この水場に設置したトレイルカメラにイノシシは過去2回写っていますが、右目を失明した隻眼のイノシシは初登場です。 
最近になってイノシシ同士の激しい喧嘩で牙に突かれて負傷したのでしょうか? 
個体識別する上で、これほど分かりやすい特徴はありません。 
隻眼の野生動物はかなりのハンディキャップだと思いますけど、なんとか生き延びて元気な姿をまた見せて欲しいものです。(同じ水場に再登場した動画を公開)

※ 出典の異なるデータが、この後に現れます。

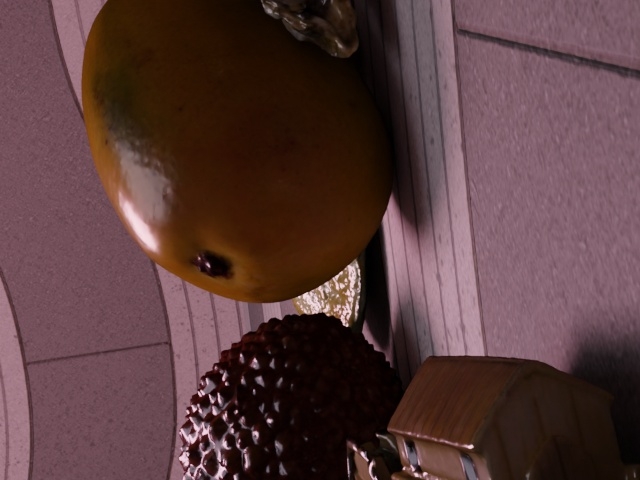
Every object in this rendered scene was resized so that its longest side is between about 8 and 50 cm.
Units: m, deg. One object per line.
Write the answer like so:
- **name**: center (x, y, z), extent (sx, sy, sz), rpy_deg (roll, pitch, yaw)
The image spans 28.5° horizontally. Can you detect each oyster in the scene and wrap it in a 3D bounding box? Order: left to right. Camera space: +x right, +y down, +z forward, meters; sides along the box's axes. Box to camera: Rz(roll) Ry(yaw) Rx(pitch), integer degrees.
- **oyster**: center (-0.045, -0.313, 1.260), extent (0.341, 0.166, 0.110), rpy_deg (50, -174, 18)

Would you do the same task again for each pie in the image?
- **pie**: center (0.003, 0.005, 1.517), extent (0.257, 0.105, 0.274), rpy_deg (-141, 42, -65)

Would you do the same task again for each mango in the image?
- **mango**: center (-0.094, -0.134, 1.308), extent (0.232, 0.300, 0.445), rpy_deg (102, 155, -50)

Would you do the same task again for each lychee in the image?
- **lychee**: center (-0.027, 0.222, 1.371), extent (0.264, 0.264, 0.300), rpy_deg (-108, 15, -49)

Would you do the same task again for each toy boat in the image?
- **toy boat**: center (0.127, 0.145, 0.764), extent (0.445, 0.136, 0.162), rpy_deg (170, 88, -77)

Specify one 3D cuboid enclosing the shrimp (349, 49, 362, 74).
- **shrimp**: center (0.006, -0.199, 1.483), extent (0.253, 0.058, 0.173), rpy_deg (148, 105, -77)
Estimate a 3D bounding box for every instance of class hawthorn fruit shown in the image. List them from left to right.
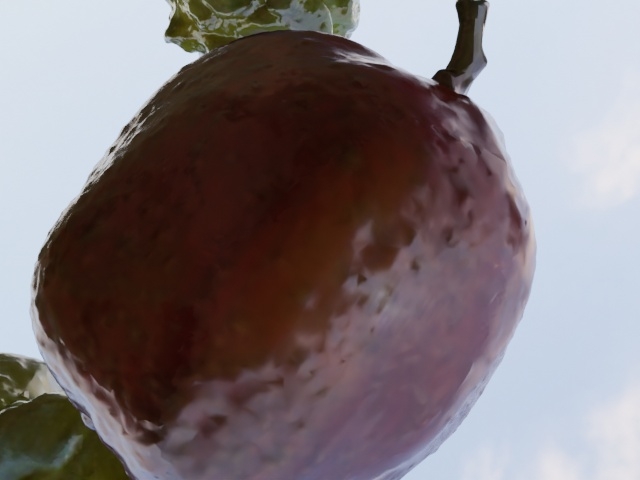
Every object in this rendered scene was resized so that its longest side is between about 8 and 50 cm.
[{"bbox_3d":[0.000,0.000,0.663,0.253,0.205,0.205,-50,-151,4],"label":"hawthorn fruit"}]

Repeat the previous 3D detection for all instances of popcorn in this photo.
[{"bbox_3d":[-0.032,-0.133,0.860,0.116,0.121,0.106,-25,-140,-12],"label":"popcorn"}]

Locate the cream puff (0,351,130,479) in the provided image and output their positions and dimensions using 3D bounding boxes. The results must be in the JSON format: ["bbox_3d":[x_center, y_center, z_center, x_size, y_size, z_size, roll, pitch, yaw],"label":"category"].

関連記事 ▶ 右目が失明したハクビシン【トレイルカメラ:暗視映像】

この池に通りかかるイノシシは、水を飲んだり浴びたりしたことが一度もありません。 
イノシシは泥浴び(ヌタ打ち)が大好きなはずなのに、ここで披露してくれないのは不思議です。
カメラの存在に気づいて警戒しているのかな? 

※ 動画編集で加工したりせず、オリジナルの動画ファイルをそのままYouTubeにアップロードしたのに、濃霧を表現できず画質が不自然なモザイク状にかなり劣化しているのは残念です。